→ WORK ORDER: Please reproduce all entries word for word and omit their pictures.

→ DATA EXTRACT:
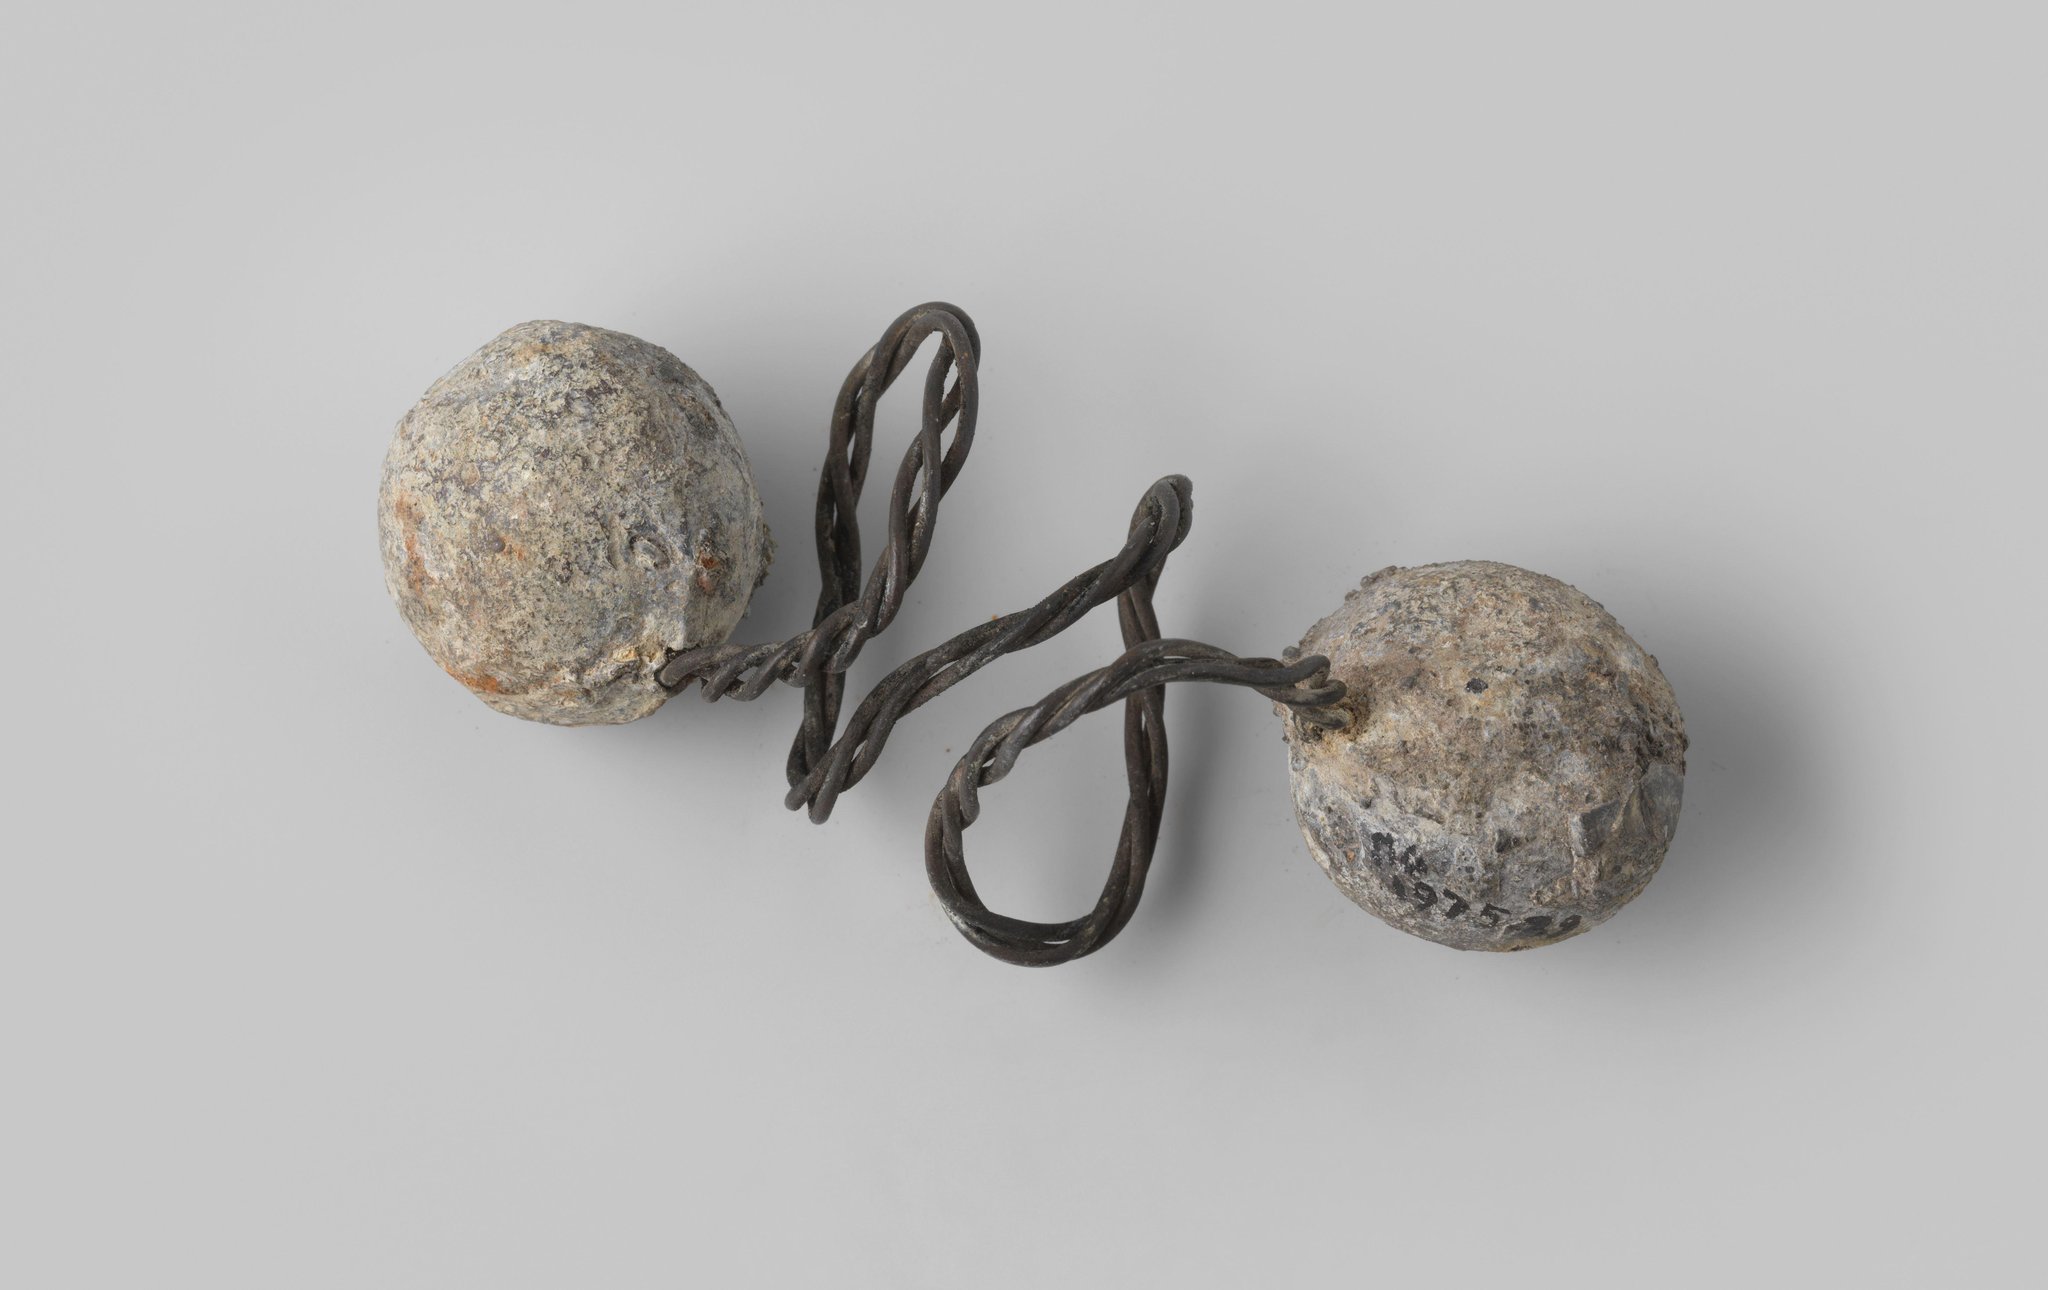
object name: chain shot
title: Kettingkogel uit het wrak van de Oost-Indiëvaarder Hollandia
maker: Anonymous
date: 1700-1743
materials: lead
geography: netherlands
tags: verenigde oostindische compagnie, hollandia (schip), annet

→ RESULT OF THIS EXERCISE:
object name: chain shot
title: Kettingkogel uit het wrak van de Oost-Indiëvaarder Hollandia
maker: Anonymous
date: 1700-1743
materials: lead
geography: netherlands
tags: verenigde oostindische compagnie, hollandia (schip), annet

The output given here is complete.